Danpos Malagai Satgas Pamtas Yonif 511/DY Kapten Inf Sena Nurjabbar dalam keterangan tertulis di Wamena, Minggu mengatakan metode belajar kelas jendela ilmu untuk menanamkan semangat belajar anak-anak di pedalaman Papua Pegunungan.
“Kami sadari daerah penugasan berada di perbatasan dan pedalaman Papua Pegunungan sehingga dukungan metode belajar bagi anak-anak ini perlu dilakukan dalam memperkuat literasi mereka,” katanya.
Menurut dia, di tengah keterbatasan fasilitas pendidikan di wilayah pedalaman pihaknya terus menunjukkan komitmennya untuk mencerdaskan anak bangsa.
“Kami dari Satgas Pamtas Yonif 511/DY menggelar kegiatan kelas belajar gratis bagi anak-anak di Kampung Numbukawi sehingga mereka dapat merasakan dukungan pemerintah melalui apa yang diberikan TNI,” ujarnya.
Dia menjelaskan kegiatan yang diinisiatif oleh prajurit Pos Malagai ini memanfaatkan waktu luang anak-anak sepulang sekolah.
“Langkah ini diambil untuk mengisi hari mereka dengan hal-hal positif, sekaligus memperkuat materi pelajaran yang mereka dapatkan di sekolah formal,” katanya.
Dia menambahkan kehadiran TNI di Papua tidak hanya untuk menjaga stabilitas keamanan, tetapi juga menjadi solusi atas kesulitan masyarakat setempat termasuk di sektor pendidikan.

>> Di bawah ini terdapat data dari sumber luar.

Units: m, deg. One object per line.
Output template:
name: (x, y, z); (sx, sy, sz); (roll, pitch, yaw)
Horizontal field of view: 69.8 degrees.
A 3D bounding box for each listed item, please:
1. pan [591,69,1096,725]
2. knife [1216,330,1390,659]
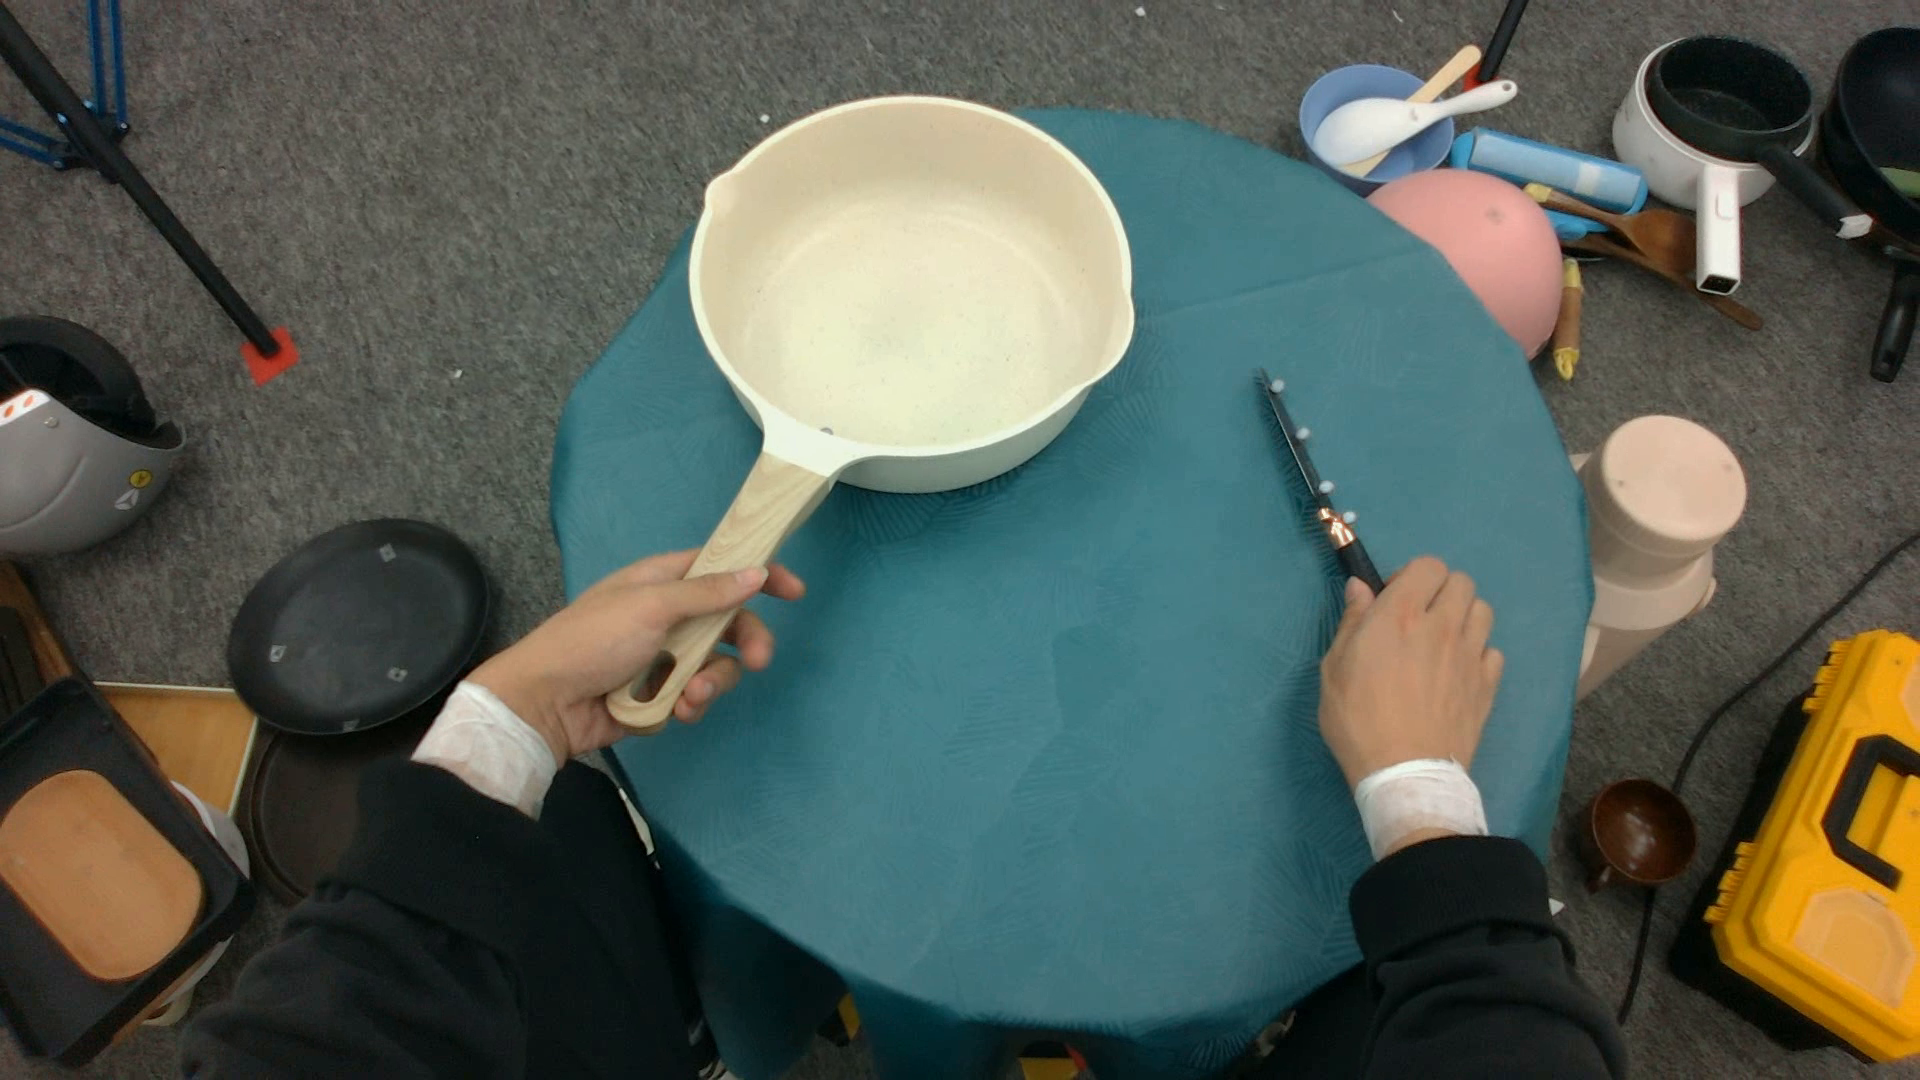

”Kami melihat antusiasme belajar adik-adik di sini sangat tinggi, namun fasilitas pendukung masih minim. Oleh karena itu, para prajurit berinisiatif membuka “kelas jendela ilmu” setiap sore di teras pos kami untuk memastikan mereka tetap bisa merajut cita-cita,” ujarnya.